EXTRACTED RECORDS:
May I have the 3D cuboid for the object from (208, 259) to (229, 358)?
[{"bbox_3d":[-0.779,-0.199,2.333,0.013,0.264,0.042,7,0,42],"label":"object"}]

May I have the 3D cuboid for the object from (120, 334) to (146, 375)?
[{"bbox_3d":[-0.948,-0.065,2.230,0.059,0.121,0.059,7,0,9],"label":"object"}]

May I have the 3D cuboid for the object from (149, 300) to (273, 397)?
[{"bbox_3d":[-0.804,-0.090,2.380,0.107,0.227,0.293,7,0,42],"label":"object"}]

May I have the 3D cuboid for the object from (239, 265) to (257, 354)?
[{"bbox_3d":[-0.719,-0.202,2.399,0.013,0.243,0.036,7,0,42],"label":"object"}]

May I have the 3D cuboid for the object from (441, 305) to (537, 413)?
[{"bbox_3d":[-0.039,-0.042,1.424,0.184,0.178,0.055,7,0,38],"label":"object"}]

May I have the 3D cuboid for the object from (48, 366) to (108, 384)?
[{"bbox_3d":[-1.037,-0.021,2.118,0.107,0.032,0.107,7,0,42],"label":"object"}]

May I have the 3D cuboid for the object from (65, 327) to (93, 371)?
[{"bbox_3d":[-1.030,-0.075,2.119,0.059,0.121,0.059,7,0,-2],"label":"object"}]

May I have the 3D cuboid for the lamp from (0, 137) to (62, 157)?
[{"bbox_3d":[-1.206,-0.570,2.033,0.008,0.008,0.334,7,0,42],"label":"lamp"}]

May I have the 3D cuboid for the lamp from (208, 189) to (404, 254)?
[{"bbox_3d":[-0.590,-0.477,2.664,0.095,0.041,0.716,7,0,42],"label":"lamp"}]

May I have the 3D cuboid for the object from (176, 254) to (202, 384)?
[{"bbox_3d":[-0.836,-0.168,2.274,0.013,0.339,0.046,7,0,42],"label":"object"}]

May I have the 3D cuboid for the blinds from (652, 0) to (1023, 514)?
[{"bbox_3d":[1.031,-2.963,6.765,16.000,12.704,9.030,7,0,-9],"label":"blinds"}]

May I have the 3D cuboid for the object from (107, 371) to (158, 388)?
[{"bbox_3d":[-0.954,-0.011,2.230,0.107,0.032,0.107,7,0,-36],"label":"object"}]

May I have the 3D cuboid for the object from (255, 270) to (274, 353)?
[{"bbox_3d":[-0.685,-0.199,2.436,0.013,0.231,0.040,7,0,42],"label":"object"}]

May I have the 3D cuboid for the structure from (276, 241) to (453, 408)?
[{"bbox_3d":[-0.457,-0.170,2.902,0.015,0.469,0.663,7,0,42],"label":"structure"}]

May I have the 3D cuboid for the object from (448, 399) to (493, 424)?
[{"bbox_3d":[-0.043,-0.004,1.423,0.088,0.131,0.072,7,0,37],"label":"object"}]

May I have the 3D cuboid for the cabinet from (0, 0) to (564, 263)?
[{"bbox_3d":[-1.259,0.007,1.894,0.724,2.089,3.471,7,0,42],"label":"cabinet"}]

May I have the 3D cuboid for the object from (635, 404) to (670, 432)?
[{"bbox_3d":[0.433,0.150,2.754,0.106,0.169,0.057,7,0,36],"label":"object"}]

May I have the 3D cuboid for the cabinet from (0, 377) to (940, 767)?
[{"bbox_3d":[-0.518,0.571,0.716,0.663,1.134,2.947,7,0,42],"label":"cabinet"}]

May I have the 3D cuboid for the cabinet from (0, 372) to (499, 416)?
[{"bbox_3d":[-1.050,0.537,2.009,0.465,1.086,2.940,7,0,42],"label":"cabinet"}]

---

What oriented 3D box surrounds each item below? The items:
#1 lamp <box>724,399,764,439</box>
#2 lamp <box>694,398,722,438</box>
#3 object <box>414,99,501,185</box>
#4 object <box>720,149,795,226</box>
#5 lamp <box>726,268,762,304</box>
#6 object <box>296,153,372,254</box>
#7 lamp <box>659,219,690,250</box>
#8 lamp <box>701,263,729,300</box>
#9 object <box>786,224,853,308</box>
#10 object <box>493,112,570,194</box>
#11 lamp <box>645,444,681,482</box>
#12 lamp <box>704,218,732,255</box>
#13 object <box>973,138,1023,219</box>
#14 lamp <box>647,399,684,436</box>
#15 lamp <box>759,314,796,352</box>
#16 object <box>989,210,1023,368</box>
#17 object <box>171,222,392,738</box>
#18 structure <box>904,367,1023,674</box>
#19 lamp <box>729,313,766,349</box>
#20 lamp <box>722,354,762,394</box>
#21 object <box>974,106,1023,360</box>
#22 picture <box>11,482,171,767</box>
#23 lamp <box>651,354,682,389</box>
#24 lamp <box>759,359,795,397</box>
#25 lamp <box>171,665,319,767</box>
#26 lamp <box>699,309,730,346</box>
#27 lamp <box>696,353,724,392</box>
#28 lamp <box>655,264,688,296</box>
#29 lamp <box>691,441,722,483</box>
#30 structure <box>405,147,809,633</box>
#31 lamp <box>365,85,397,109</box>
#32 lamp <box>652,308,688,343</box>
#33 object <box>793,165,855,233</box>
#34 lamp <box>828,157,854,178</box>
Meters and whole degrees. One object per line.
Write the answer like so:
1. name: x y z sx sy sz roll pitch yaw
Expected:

==

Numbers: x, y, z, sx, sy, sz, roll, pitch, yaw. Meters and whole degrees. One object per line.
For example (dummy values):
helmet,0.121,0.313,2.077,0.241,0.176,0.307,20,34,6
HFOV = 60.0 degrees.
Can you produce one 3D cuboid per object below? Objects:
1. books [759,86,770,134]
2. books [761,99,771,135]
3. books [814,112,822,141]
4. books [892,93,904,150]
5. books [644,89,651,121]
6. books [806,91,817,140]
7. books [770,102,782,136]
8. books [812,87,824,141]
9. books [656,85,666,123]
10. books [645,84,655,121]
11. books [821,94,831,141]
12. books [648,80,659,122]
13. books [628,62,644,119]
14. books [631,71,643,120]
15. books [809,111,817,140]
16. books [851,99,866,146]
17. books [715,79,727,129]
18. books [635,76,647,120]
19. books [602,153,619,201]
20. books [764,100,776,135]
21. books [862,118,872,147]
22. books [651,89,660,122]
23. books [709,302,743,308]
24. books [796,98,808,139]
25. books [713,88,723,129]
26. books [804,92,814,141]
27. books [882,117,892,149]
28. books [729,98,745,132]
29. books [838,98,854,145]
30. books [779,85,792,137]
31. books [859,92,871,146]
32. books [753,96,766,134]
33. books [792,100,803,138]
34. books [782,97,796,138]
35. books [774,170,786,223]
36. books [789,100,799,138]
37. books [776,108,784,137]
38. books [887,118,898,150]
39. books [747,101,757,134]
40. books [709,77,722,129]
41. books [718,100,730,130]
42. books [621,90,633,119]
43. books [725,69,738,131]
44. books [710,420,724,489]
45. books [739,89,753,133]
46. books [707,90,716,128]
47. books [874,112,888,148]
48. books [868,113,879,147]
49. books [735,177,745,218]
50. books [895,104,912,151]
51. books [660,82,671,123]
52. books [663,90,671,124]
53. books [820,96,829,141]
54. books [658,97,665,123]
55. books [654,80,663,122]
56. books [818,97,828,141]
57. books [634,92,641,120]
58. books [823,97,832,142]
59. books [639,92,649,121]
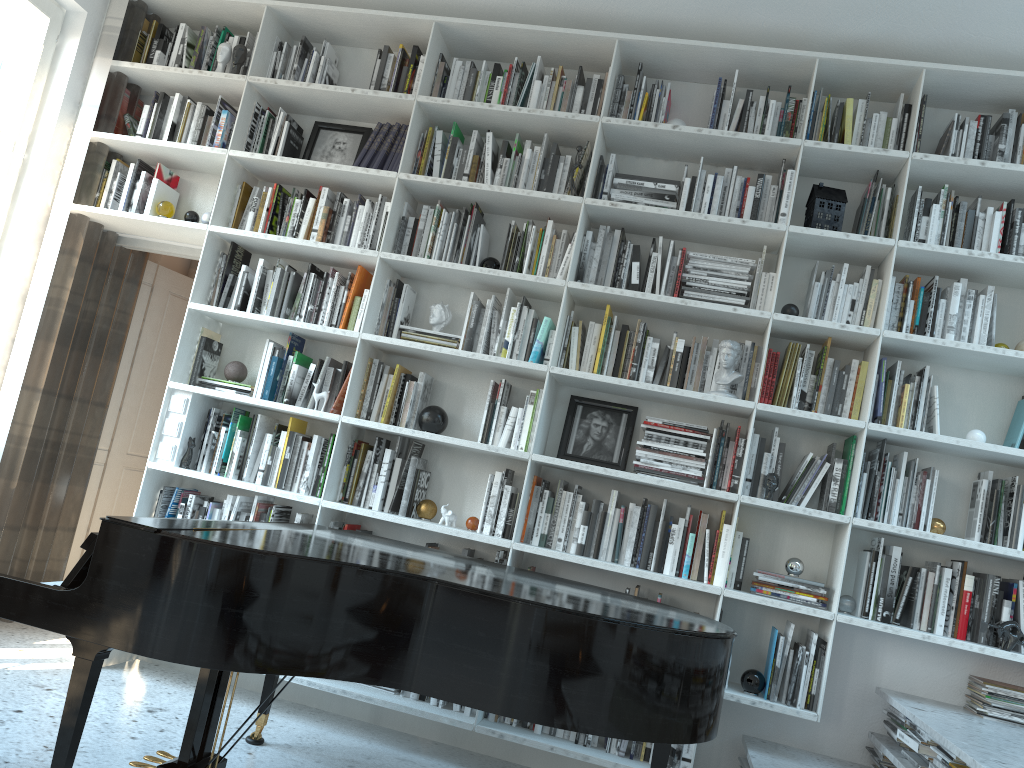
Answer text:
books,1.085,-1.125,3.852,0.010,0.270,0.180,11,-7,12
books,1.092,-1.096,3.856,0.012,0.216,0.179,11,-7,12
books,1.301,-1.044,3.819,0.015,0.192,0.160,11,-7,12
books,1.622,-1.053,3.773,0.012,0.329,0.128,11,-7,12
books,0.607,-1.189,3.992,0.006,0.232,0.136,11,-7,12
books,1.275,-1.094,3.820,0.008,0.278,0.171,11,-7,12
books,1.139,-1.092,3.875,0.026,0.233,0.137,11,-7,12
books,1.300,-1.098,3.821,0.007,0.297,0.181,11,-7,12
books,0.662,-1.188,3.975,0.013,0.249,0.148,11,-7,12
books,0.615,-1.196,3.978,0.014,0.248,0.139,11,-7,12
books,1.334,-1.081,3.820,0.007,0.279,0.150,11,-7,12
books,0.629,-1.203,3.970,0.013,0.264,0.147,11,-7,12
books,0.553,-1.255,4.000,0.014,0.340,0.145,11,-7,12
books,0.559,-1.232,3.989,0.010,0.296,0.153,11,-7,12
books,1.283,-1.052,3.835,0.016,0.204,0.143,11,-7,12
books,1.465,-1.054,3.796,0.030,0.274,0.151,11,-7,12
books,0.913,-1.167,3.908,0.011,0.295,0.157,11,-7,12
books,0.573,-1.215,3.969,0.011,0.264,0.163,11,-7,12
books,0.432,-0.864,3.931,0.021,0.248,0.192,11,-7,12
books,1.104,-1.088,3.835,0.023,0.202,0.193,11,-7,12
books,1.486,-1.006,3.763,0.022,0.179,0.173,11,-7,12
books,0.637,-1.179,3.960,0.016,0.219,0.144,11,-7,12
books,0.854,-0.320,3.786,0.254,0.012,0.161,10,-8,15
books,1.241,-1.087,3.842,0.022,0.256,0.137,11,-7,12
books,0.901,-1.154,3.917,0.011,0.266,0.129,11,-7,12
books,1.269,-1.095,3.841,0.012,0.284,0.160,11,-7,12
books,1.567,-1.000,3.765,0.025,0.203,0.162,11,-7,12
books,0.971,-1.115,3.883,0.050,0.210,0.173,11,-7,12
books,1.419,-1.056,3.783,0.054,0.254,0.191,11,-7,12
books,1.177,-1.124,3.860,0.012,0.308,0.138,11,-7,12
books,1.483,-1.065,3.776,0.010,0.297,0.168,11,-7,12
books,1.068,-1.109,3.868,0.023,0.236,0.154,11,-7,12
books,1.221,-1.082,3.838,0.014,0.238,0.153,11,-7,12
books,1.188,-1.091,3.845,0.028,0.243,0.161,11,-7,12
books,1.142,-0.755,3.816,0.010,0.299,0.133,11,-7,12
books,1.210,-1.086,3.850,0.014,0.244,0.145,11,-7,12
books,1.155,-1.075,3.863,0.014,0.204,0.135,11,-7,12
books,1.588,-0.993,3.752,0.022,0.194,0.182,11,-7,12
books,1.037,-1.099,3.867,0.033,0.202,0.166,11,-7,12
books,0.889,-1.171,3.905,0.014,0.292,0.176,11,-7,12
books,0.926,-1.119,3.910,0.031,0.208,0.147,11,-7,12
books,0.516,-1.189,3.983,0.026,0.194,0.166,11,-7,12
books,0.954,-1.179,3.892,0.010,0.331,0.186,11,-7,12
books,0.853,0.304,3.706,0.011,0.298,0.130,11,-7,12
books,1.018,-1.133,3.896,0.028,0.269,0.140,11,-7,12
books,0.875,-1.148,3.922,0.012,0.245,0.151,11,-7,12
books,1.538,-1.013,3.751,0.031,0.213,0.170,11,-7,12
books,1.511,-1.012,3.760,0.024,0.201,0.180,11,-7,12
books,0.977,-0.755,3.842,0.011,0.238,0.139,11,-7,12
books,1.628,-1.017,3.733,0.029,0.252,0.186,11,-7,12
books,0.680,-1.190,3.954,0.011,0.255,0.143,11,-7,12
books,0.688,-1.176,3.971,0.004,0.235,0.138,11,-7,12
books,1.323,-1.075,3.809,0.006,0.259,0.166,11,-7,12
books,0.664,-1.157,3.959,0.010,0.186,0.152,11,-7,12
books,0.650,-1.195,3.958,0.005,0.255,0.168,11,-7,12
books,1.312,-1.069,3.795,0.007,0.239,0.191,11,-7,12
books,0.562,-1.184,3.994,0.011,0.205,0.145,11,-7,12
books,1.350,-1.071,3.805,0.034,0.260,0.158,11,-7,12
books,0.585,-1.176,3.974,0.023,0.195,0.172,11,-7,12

ACTIVITY:
Output the lines above between the one holding "54. books [658,97,665,123]" and the one holding "59. books [639,92,649,121]", inclusive, with nothing before or after them.

EXERCISE OUTPUT:
54. books [658,97,665,123]
55. books [654,80,663,122]
56. books [818,97,828,141]
57. books [634,92,641,120]
58. books [823,97,832,142]
59. books [639,92,649,121]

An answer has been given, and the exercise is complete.